Although there was no evidence of any occurrence of transovarian infection (the bacteria getting inside the yolk before it is laid) NZFS had to err on the safe side and advise consumers to avoid any dish containing uncooked or lightly cooked eggs – mayonnaise, ice-cream made with eggs, meringues, aioli, etc. – and the risk associated with children (and some of their parents!) ‘licking the bowl’. Consumers are also advised to store their eggs in the fridge after purchase and not to take any chances with ‘use by’ dates.
Of the 124 cases confirmed with the outbreak strain since 2019, there have been 46 hospitalisations, but fortunately no deaths. There is evidence that this strain of SE may cause more severe disease, reflected by higher than usual hospitalisation rates – 37% for this outbreak strain compared with about 20% for salmonellosis before May 2019. As with many infectious diseases, the most vulnerable are the very young and old, pregnant women and immune-compromised people – respectfully, YOPIs for short in health parlance. There have been 12 infections with this SE strain so far this year - the last reported human case (as at 20 July 2022) had an infection onset date of 7 May 2022. Numbers of infections are declining, but no one is thinking the outbreak is over yet.

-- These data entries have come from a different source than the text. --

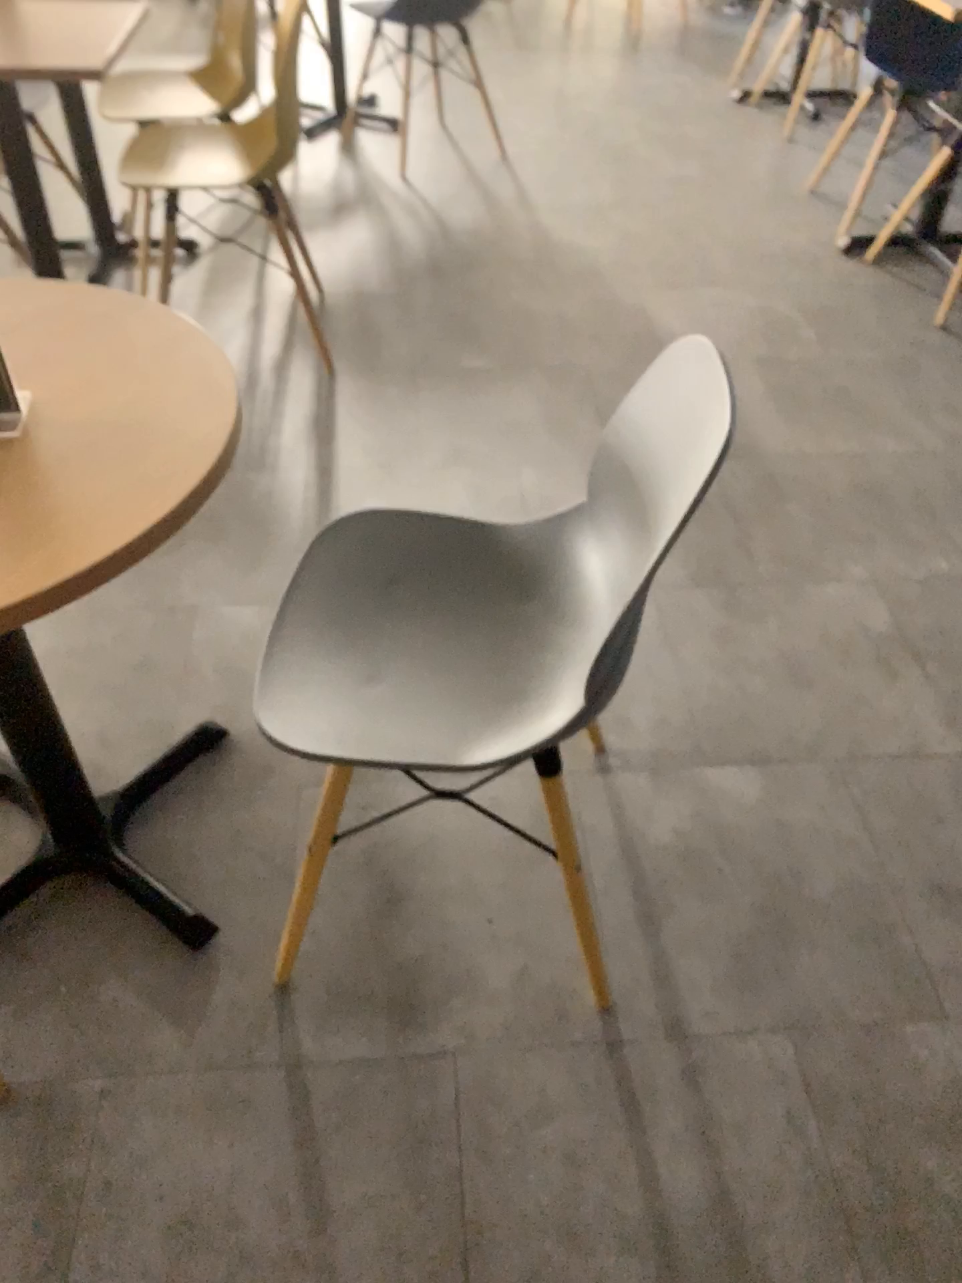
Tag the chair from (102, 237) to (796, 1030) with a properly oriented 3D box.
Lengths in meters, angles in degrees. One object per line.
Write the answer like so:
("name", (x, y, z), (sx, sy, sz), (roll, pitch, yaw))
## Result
("chair", (-0.019, 0.023, 1.200), (0.520, 0.802, 0.510), (3, 44, 2))
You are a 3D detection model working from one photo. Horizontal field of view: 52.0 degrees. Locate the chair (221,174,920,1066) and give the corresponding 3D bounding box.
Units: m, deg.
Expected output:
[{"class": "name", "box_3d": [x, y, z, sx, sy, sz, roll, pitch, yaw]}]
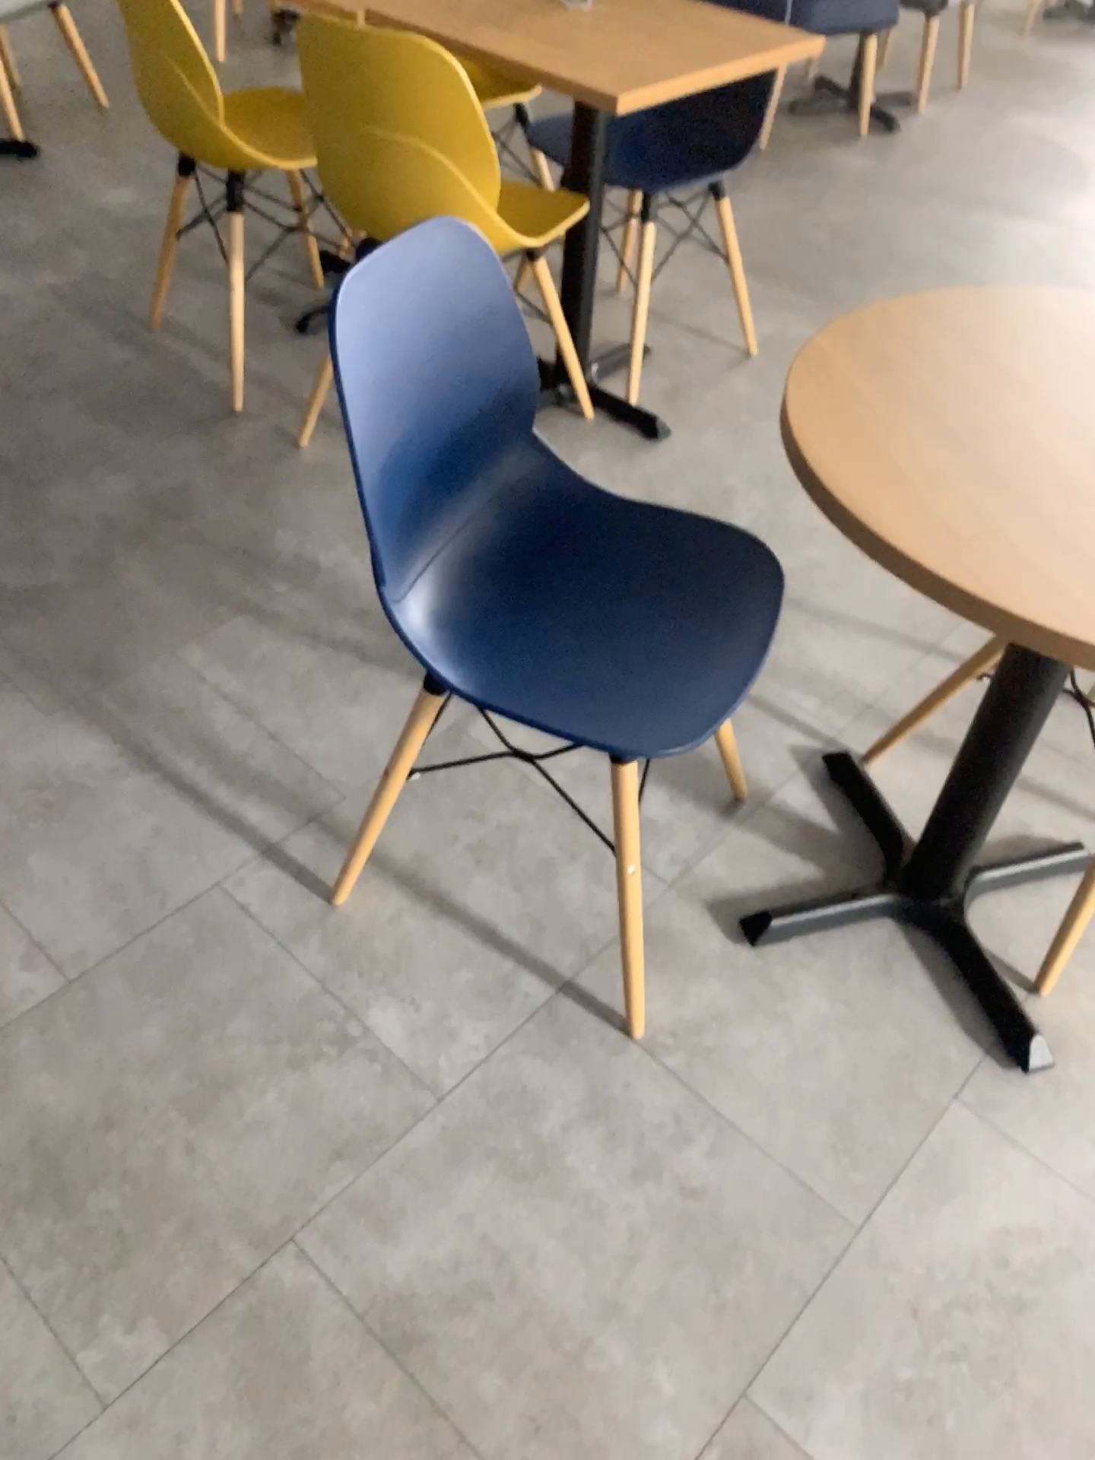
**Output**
[{"class": "chair", "box_3d": [0.026, -0.111, 1.334, 0.497, 0.809, 0.494, 21, 47, 16]}]

Of course, progeny of the original SE strain that came over the border has diverged in the hundreds of successive generations over the last three years, but the human isolates are still identical or very closely related to the poultry isolates, including isolates from layer, broiler and breeder/hatchery flocks.
Past, now and into the future
Based on the first reported human case in May 2019, and using the so-called molecular clock, which uses average mutation rates to extrapolate the evolution of a bacteria or virus backwards, scientists estimated that the SE had come into the country around April 2019, and was a single lineage introduction. We still don’t know how it arrived and probably never will. The DNA sequence is most closely related, albeit quite distantly, to isolates from pine nuts and infected people in Turkey.

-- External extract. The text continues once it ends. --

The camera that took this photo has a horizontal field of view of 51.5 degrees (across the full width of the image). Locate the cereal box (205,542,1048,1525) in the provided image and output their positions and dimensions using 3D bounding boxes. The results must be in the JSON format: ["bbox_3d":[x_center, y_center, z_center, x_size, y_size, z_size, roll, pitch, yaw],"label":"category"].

For Joanne, the challenge is translating all the knowledge she has gained about poultry/egg microbiology over the last six years into critical action. “Livelihoods and the health of many vulnerable New Zealanders are at stake,” she says. The same applies to many of her science colleagues at ESR who have been working round the clock on COVID-19. “There’s a huge sense of urgency and responsibility, and that what you do every day really matters,” says Joanne.
The NZFS Response Team has been able to learn a lot from overseas experience, too, especially the 2018 outbreak in Australia. Our production systems and culture are so similar. Parallel experiences with COVID-19 and Mycoplasma bovis have also informed the modus operandi, though each have different challenges and infection pathways.

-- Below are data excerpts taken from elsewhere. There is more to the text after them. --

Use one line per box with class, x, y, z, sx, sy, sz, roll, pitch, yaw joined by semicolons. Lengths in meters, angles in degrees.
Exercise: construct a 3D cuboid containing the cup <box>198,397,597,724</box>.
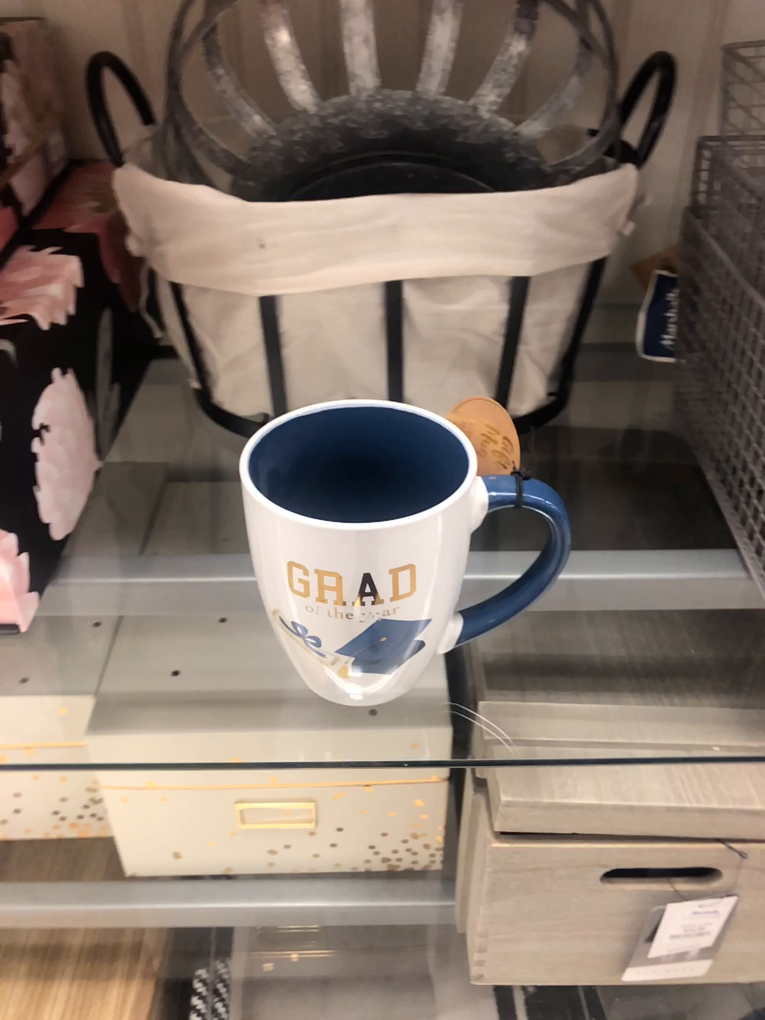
cup;0.007;0.019;0.392;0.150;0.096;0.116;1;36;1
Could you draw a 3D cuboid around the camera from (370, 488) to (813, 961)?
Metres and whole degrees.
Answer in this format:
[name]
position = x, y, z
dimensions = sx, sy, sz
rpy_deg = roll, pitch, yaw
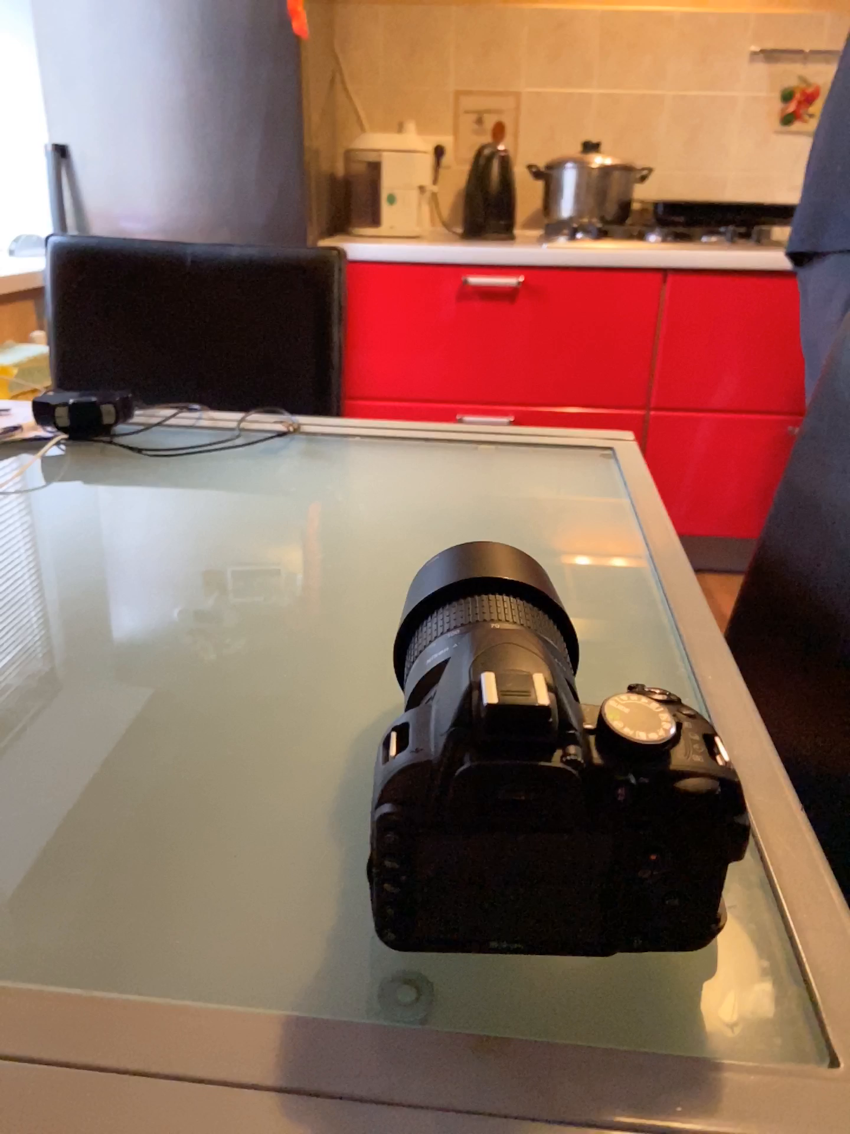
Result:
[camera]
position = 0.049, 0.048, 0.379
dimensions = 0.134, 0.099, 0.210
rpy_deg = 1, 23, 0

What are the chances we can get rid of this strain now, and what further measures can we put in place to stop these unwanted pathogens getting into New Zealand? Nigel says, “It may be difficult to eliminate SE from all poultry farms in New Zealand and prevent further strains from crossing our border. As with all emerging pathogens, having a good understanding of likely entry points and effective surveillance systems in place are essential to help reduce the likelihood of future outbreaks.”
*Professor French is the new co-director, with Te Pora Thompson, of the Infectious Diseases Research Platform, granted $36million by MBIE, and hosted by University of Otago and ESR.